Thanks for reading. I'm sure that securing a router is usually easy, but it was installed by someone who is no longer accessible to us, and who has passworded it under her own email address. Here's the full story, copied from my Profile page:

My son's ex-girlfriend is tech savvy, and helped us set up our D-Link wireless router (hosted by my pc) about 2 years ago. They have since had an acrimonious breakup, and she has taken us off her Christmas card list. My wife just bought a new laptop, and while it was searching for a wireless connection, it found ours; except now it's insecure, and it wasn't when Ex first installed it. I wanted to fix that, but now I find that it is passworded under her email address, and I can't repair my own frickin' insecure router connection!​
That's why I have joined these forums. I'm grateful for any advice you can offer. It's a D-Link 624, and complete pc specs are in my profile. Thanks in advance.


----------



## Lead3 (Jun 14, 2006)

HI,
Welcome to TSF.
You can reset the router to factory settings (this also resets the user name to "admin" (no quotes) and password to blank) by pressing the reset button with a paperclip for 10 secs.
You can down load a manual from the D-link site below.
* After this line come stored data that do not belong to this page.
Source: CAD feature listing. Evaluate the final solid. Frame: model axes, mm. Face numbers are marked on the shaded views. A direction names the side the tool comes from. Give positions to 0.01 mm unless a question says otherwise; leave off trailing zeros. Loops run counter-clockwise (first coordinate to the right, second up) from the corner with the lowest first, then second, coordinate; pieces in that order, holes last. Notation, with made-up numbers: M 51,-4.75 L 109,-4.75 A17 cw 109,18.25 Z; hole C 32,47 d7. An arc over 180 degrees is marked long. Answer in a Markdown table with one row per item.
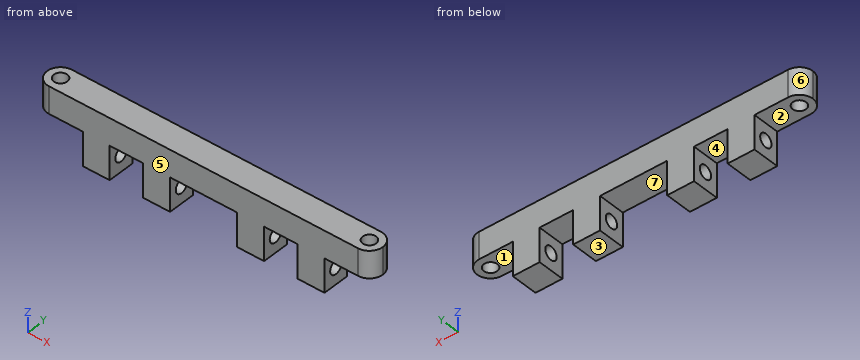
```python
from build123d import *

# Parameters (mm, degrees)
F0_W     = 127
F0_H     = 10.16
F1_DEPTH = 10.16
F2_R     = 5.07999
F3_R     = 2.54
F4_DEPTH = 25.4
F5_W     = 10.16
F5_H     = 10.16
F6_DEPTH = 12.7
F7_R     = 2.54
F8_DEPTH = 99.822


# Not quite as in the source:
# - a fillet or chamfer is up to 0.001 mm smaller than in the source, because OpenCascade refuses the exact size
# - a pattern or mirror of a feature is missing from the dataset's text; its kind, count and spacing are read off the source's solid


with BuildPart() as f1:
    # F0 (on Top) → F1 (new body)
    with BuildSketch(Plane.XY):
        Rectangle(F0_W, F0_H)
    extrude(amount=F1_DEPTH)

    # F2 (radius 5.08 in the source; OpenCascade refuses exactly that, so slightly less here)
    f2_edges = [f1.edges().sort_by_distance(p)[0] for p in [
        (-63.5, -5.08, 5.08),
        (-63.5, 5.08, 5.08),
        (63.5, -5.08, 5.08),
        (63.5, 5.08, 5.08),
    ]]
    fillet(f2_edges, radius=F2_R)

    # F3 (on face) → F4 (cut)
    with BuildSketch(Plane(origin=(0, 0, 0), x_dir=(1, 0, 0), z_dir=(0, 0, -1))):
        with Locations((-58.42, 0)):
            Circle(F3_R)
    f4 = extrude(amount=-F4_DEPTH, mode=Mode.SUBTRACT)

    # F4_copies: F4 across plane
    add(f4.mirror(Plane(origin=(0, 0, 0), x_dir=(0, 0, 1), z_dir=(1, 0, 0))), mode=Mode.SUBTRACT)

    # F5 (on face) → F6 (join)
    with BuildSketch(Plane(origin=(0, 0, 0), x_dir=(1, 0, 0), z_dir=(0, 0, -1))):
        with Locations((-40.64, 0)):
            Rectangle(F5_W, F5_H)
        with Locations((-17.78, 0)):
            Rectangle(F5_W, F5_H)
        with Locations((17.78, 0)):
            Rectangle(F5_W, F5_H)
        with Locations((40.64, 0)):
            Rectangle(F5_W, F5_H)
    extrude(amount=F6_DEPTH)

    # F7 (on face) → F8 (cut)
    with BuildSketch(Plane(origin=(-45.72, 0, 0), x_dir=(0, -1, 0), z_dir=(-1, 0, 0))):
        with Locations((0, -6.35)):
            Circle(F7_R)
    extrude(amount=-F8_DEPTH, mode=Mode.SUBTRACT)


solid = f1.part
```
1) Section A-A, the plane z = -6.35. Count the separate pieces of the cut face and the enclosed holes in it, then the cut area to 3 significant figures.
Reply:
| item | result |
|---|---|
| separate pieces | 8 |
| enclosed holes | 0 |
| area | 206 mm² |
2) Pull-direction query (X, two-part tool) for the marked faces 5, 6 and 7; classes: released by +X, released by -X, zero draft, split by the parting line, or undercut.
Reply:
| item | result |
|---|---|
| face 5 | zero draft |
| face 6 | released by -X |
| face 7 | undercut |
3) Section C-C, the plane x = 17. Return loops of the section in (y, z), then the cut area to 3 significant figures.
Reply:
| item | result |
|---|---|
| outline | M -5.08,-12.7 L 5.08,-12.7 L 5.08,10.16 L -5.08,10.16 Z; hole C 0,-6.35 d5.08 |
| area | 212 mm² |
4) Set-up query: the marked faces 1, 2, 3 and 4. Return all of +Z, -Z, +X, -X, +Y, -Y with unobstructed straight access to the full face (end or side cutting, diameter ignored); none if empty.
Reply:
| item | result |
|---|---|
| face 1 | -Z, +X, +Y, -Y |
| face 2 | -Z, -X, +Y, -Y |
| face 3 | -Z, +X, -X, +Y, -Y |
| face 4 | -Z, +Y, -Y |
5) Pin query (flat end, axial travel): pin 1 Ø3 at (x, y) = (51.5, 1) entering from -Z; pin 2 Ø5 at (y, z) = (-1, -8.5) entering from +X; pin 3 Ø4.5 at (y, z) = (0, -6.35) entering from +X; pin 4 Ø3 at (y, z) = (2, -7.5) entering from -X. Return the tip coordinate at first contact, or that it passes through.
Reply:
| item | result |
|---|---|
| pin 1 | stops at z = 0 |
| pin 2 | stops at x = 45.72 |
| pin 3 | passes through |
| pin 4 | stops at x = -45.72 |
6) Material intervals for L1, parallel to X at y = 0, z = -2; L2, parallel to X at y = 0, z = 7.75; L3, parallel to Z at x = -15, y = 0, sorted ascending.
Reply:
| item | result |
|---|---|
| L1 | x = -45.72 to -35.56, -22.86 to -12.7, 12.7 to 22.86, 35.56 to 45.72 |
| L2 | x = -63.5 to -60.96, -55.88 to 55.88, 60.96 to 63.5 |
| L3 | z = -12.7 to -8.89, -3.81 to 10.16 |

http://support.dlink.com/products/revision.asp


----------



## 5437632 (Oct 19, 2008)

Thank you, Lead3, not just prompt but 100% helpful. I appreciate it.


----------



## Lead3 (Jun 14, 2006)

You are welcome.
Paul


----------



## ciccariello (Sep 28, 2011)

Hi all! my d-link 524 wireless router is working fine but I can't secure it. I run the wizard from and change the password but it shows up not secure. Any ideas as to what I am doing wrong?

TIA


----------



## Wand3r3r (Sep 17, 2010)

please start your own thread. This one will now be closed due to its age. Thanks


----------